Data for processing →
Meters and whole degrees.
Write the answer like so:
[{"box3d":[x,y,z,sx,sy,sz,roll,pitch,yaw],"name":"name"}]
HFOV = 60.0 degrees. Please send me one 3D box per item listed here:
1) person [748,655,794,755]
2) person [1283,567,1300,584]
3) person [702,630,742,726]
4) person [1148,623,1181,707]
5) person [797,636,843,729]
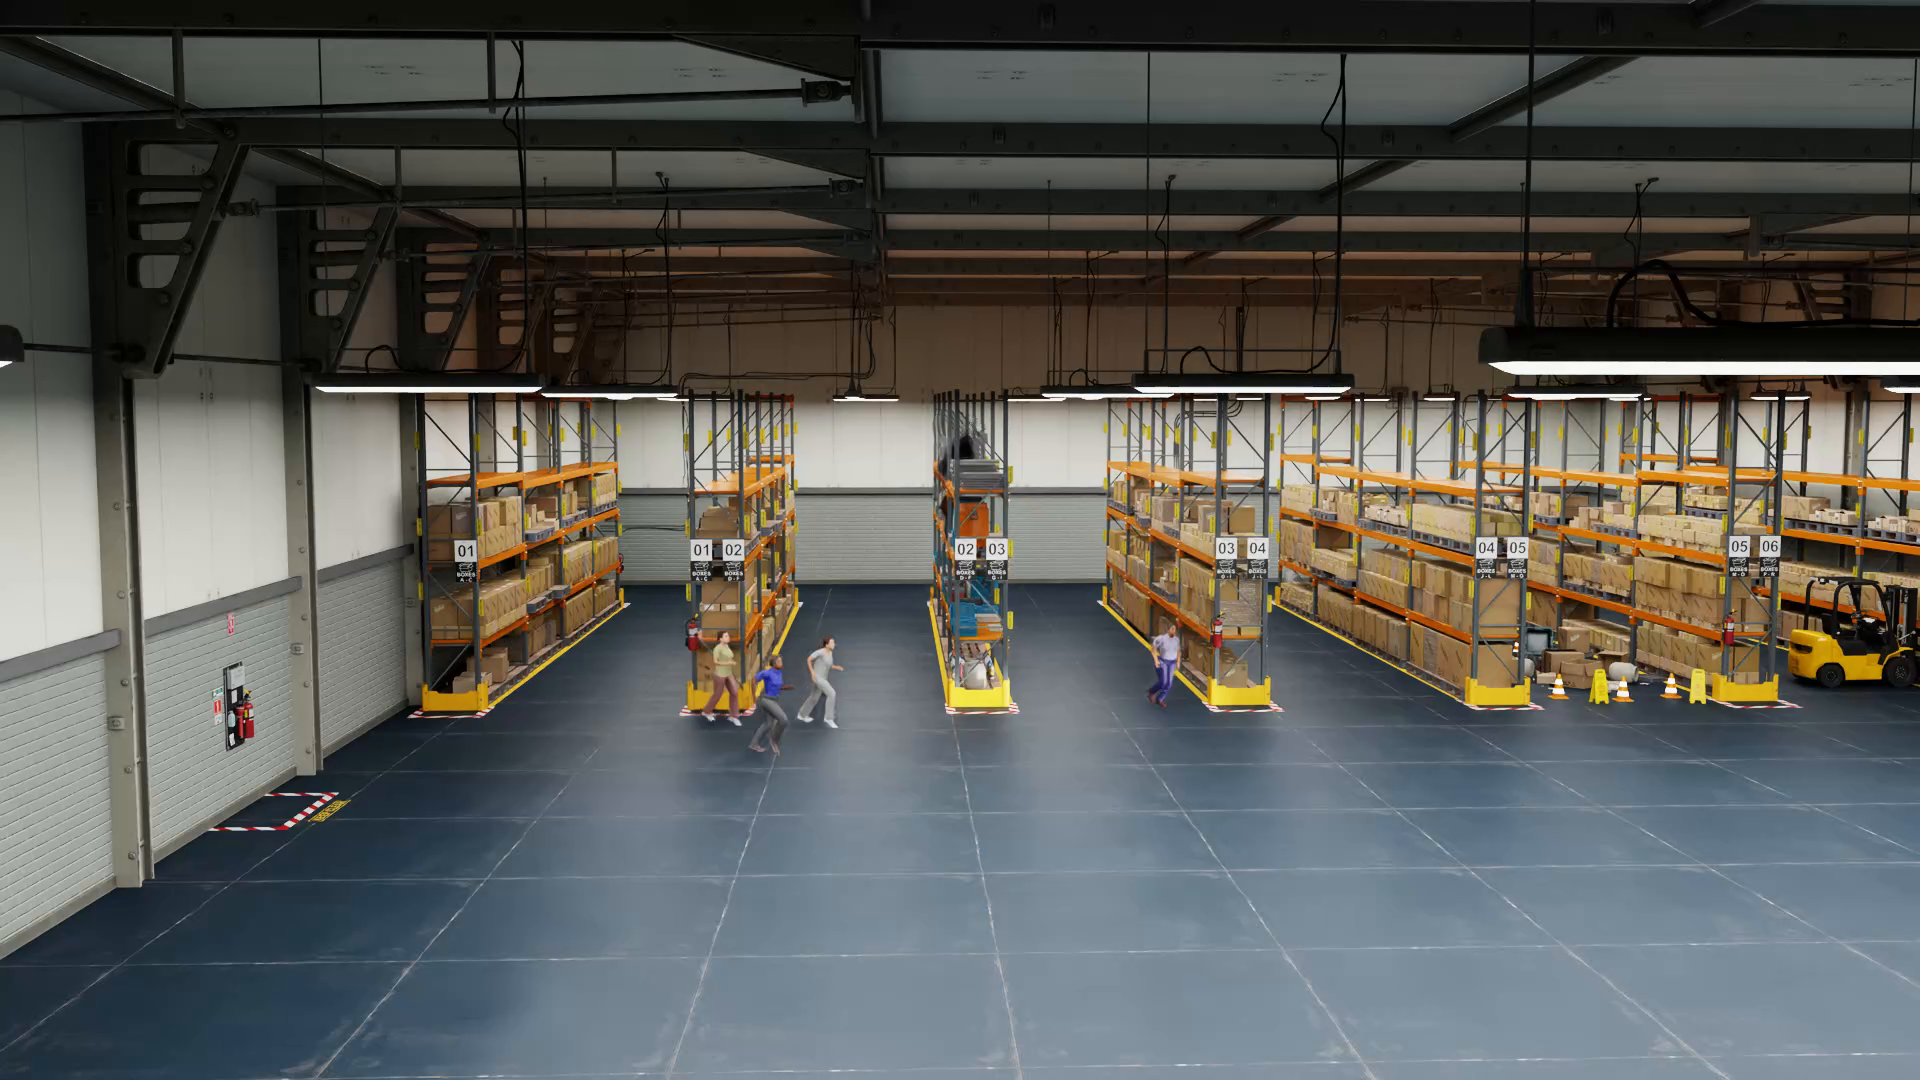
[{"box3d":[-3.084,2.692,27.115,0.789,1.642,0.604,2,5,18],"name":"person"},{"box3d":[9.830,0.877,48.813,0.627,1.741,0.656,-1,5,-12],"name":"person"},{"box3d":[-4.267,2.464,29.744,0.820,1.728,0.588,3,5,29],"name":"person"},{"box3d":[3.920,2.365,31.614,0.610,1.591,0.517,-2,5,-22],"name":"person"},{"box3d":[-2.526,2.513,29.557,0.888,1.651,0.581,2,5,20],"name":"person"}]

Required action → The copy you write must hold every record verbatim and none of the pictures.

Response area →
Meters and whole degrees.
Write the answer like so:
[{"box3d":[x,y,z,sx,sy,sz,roll,pitch,yaw],"name":"name"}]
HFOV = 60.0 degrees. Please send me one 3D box per item listed here:
1) person [748,655,794,755]
2) person [1283,567,1300,584]
3) person [702,630,742,726]
4) person [1148,623,1181,707]
5) person [797,636,843,729]
[{"box3d":[-3.084,2.692,27.115,0.789,1.642,0.604,2,5,18],"name":"person"},{"box3d":[9.830,0.877,48.813,0.627,1.741,0.656,-1,5,-12],"name":"person"},{"box3d":[-4.267,2.464,29.744,0.820,1.728,0.588,3,5,29],"name":"person"},{"box3d":[3.920,2.365,31.614,0.610,1.591,0.517,-2,5,-22],"name":"person"},{"box3d":[-2.526,2.513,29.557,0.888,1.651,0.581,2,5,20],"name":"person"}]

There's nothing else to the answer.